Para as outras três basílicas papais — São João de Latrão, Santa Maria Maior e São Paulo Fora dos Muros — a Santa Sé aplicou percentagens com base no fluxo registrado na basílica de São Pedro, complementado pela contagem de voluntários usando contadores manuais. A presença nos principais eventos e audiências do Jubileu também foi monitorada e comparada com os registros efetuados através do site oficial do Jubileu.
Prefeito de Roma cita legado duradouro e gastos
O prefeito de Roma, Roberto Gualtieri, disse que o Jubileu da Esperança deixou um legado duradouro para a cidade, tanto em infraestrutura quanto em governança institucional, falando sobre o que descreveu como um "método do Jubileu" de cooperação contínua entre as administrações públicas.
Gualtieri disse que o programa do Jubileu teve 332 intervenções, das quais 204 já foram concluídas ou parcialmente concluídas.

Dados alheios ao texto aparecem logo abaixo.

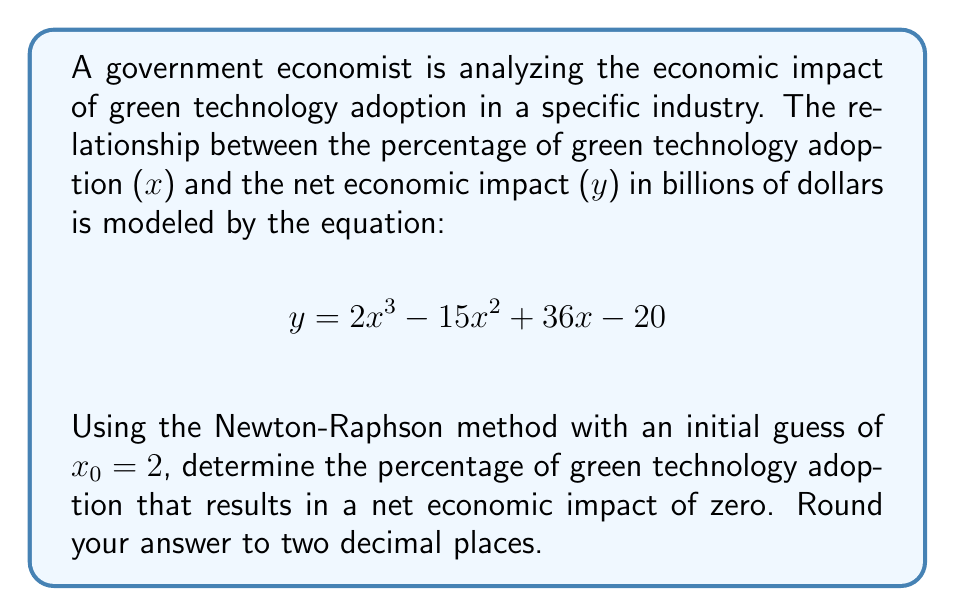Can you answer this question? To solve this problem using the Newton-Raphson method, we need to follow these steps:

1) First, we rewrite the equation to find the root:
   $$f(x) = 2x^3 - 15x^2 + 36x - 20 = 0$$

2) The derivative of f(x) is:
   $$f'(x) = 6x^2 - 30x + 36$$

3) The Newton-Raphson formula is:
   $$x_{n+1} = x_n - \frac{f(x_n)}{f'(x_n)}$$

4) Starting with x₀ = 2, we calculate:

   f(2) = 2(2³) - 15(2²) + 36(2) - 20 = 16 - 60 + 72 - 20 = 8
   f'(2) = 6(2²) - 30(2) + 36 = 24 - 60 + 36 = 0

5) Since f'(2) = 0, we can't use 2 as our initial guess. Let's try x₀ = 3:

   f(3) = 2(3³) - 15(3²) + 36(3) - 20 = 54 - 135 + 108 - 20 = 7
   f'(3) = 6(3²) - 30(3) + 36 = 54 - 90 + 36 = 0

6) Again, f'(3) = 0. Let's try x₀ = 1:

   f(1) = 2(1³) - 15(1²) + 36(1) - 20 = 2 - 15 + 36 - 20 = 3
   f'(1) = 6(1²) - 30(1) + 36 = 6 - 30 + 36 = 12

7) Now we can apply the Newton-Raphson formula:

   x₁ = 1 - (3/12) = 0.75

8) We continue this process:

   f(0.75) = 2(0.75³) - 15(0.75²) + 36(0.75) - 20 = 0.84375 - 8.4375 + 27 - 20 = -0.59375
   f'(0.75) = 6(0.75²) - 30(0.75) + 36 = 3.375 - 22.5 + 36 = 16.875

   x₂ = 0.75 - (-0.59375/16.875) = 0.7852

9) One more iteration:

   f(0.7852) ≈ -0.0004
   f'(0.7852) ≈ 17.5629

   x₃ = 0.7852 - (-0.0004/17.5629) ≈ 0.7852

The value has converged to four decimal places, so we can stop here.
Answer: 78.52% 
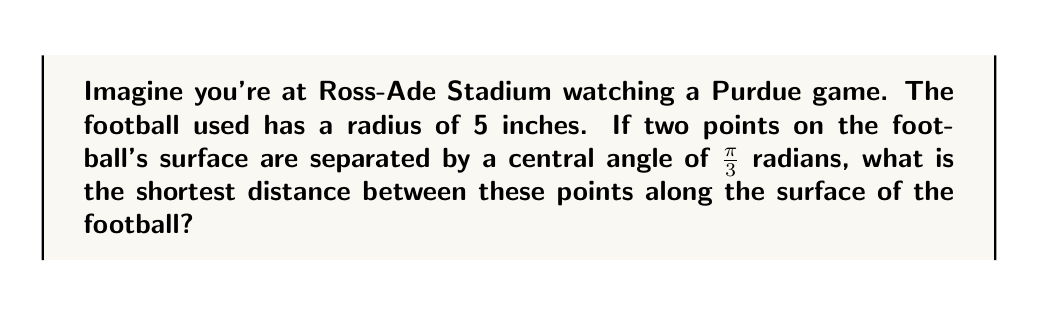Can you solve this math problem? Let's approach this step-by-step:

1) In spherical geometry, the shortest path between two points on a sphere is along a great circle. This path is called a geodesic.

2) The length of this path is proportional to the central angle between the two points.

3) The formula for the length of an arc on a sphere is:

   $$s = r\theta$$

   where $s$ is the arc length, $r$ is the radius of the sphere, and $\theta$ is the central angle in radians.

4) We are given:
   - Radius of the football, $r = 5$ inches
   - Central angle, $\theta = \frac{\pi}{3}$ radians

5) Plugging these values into our formula:

   $$s = 5 \cdot \frac{\pi}{3}$$

6) Simplifying:

   $$s = \frac{5\pi}{3} \approx 5.236$$

[asy]
import geometry;

size(200);
draw(Circle((0,0),5));
draw((0,0)--(5,0),dashed);
draw((0,0)--(2.5,4.33),dashed);
draw(arc((0,0),5,0,60),linewidth(1.5));
label("$\frac{\pi}{3}$",(1,0.5),NE);
label("5",(2.5,0),S);
label("$s$",(4,2),NE);
[/asy]

Therefore, the shortest distance between the two points on the surface of the football is approximately 5.236 inches.
Answer: $\frac{5\pi}{3}$ inches 
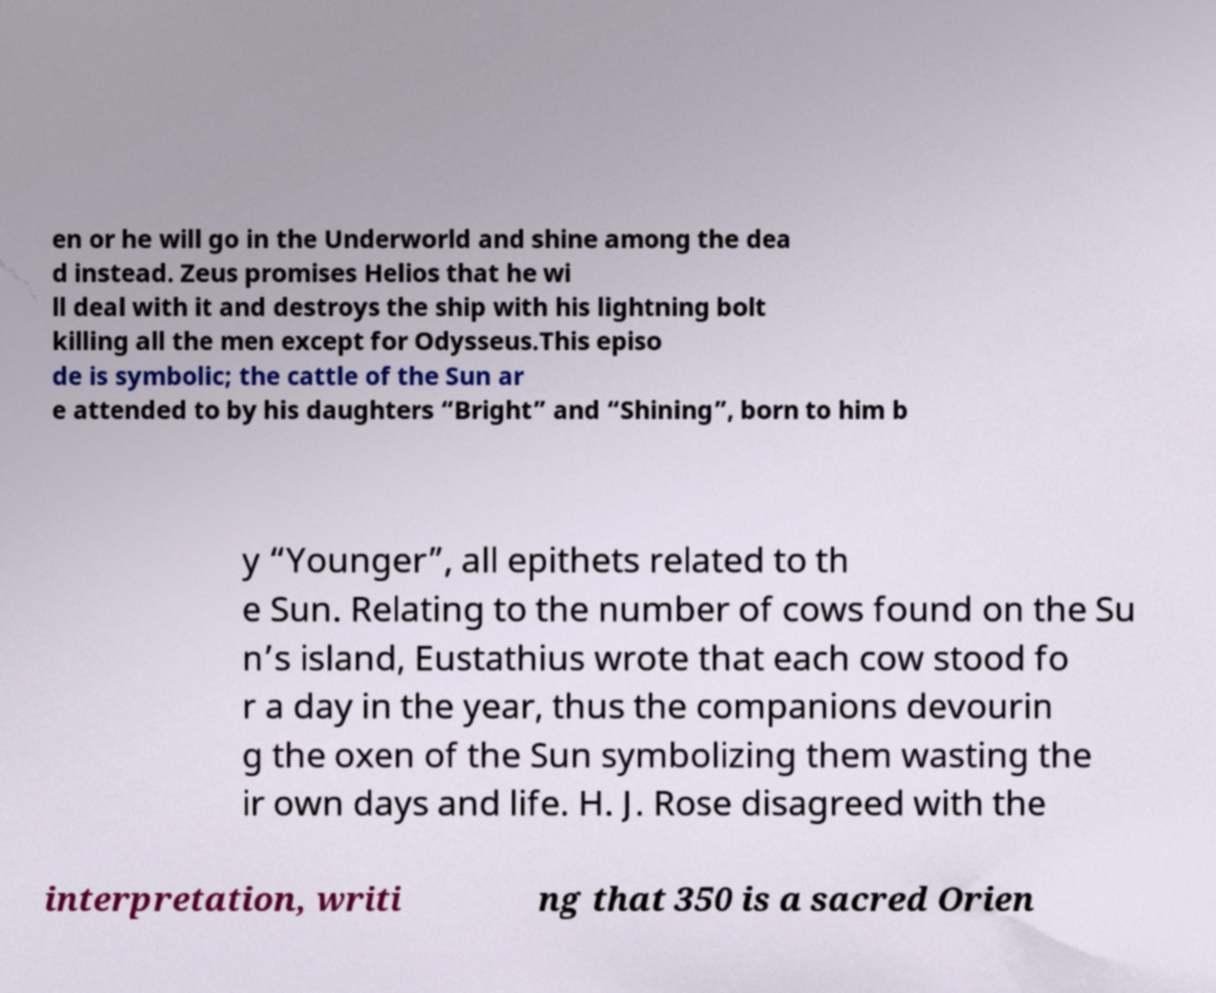Could you assist in decoding the text presented in this image and type it out clearly? en or he will go in the Underworld and shine among the dea d instead. Zeus promises Helios that he wi ll deal with it and destroys the ship with his lightning bolt killing all the men except for Odysseus.This episo de is symbolic; the cattle of the Sun ar e attended to by his daughters “Bright” and “Shining”, born to him b y “Younger”, all epithets related to th e Sun. Relating to the number of cows found on the Su n’s island, Eustathius wrote that each cow stood fo r a day in the year, thus the companions devourin g the oxen of the Sun symbolizing them wasting the ir own days and life. H. J. Rose disagreed with the interpretation, writi ng that 350 is a sacred Orien 
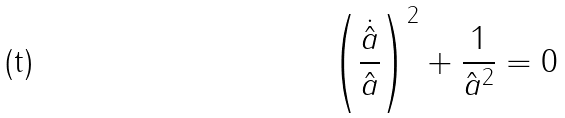Convert formula to latex. <formula><loc_0><loc_0><loc_500><loc_500>\left ( \frac { \dot { \hat { a } } } { \hat { a } } \right ) ^ { 2 } + \frac { 1 } { \hat { a } ^ { 2 } } = 0</formula>

Ele disse que as obras nas ruas de Roma estão cerca de 90% finalizadas, com os 10% restantes previstos para serem concluídos no ano que vem.
Ele disse que o financiamento governamental especificamente destinado a obras relacionadas ao Jubileu totalizou € 1,725 bilhão (cerca de R$ 10,9 bilhões). Segundo Gualtieri, 75% desses recursos foram usados em intervenções concluídas ou parcialmente concluídas, enquanto os gastos com intervenções essenciais e inadiáveis chegaram a 90%.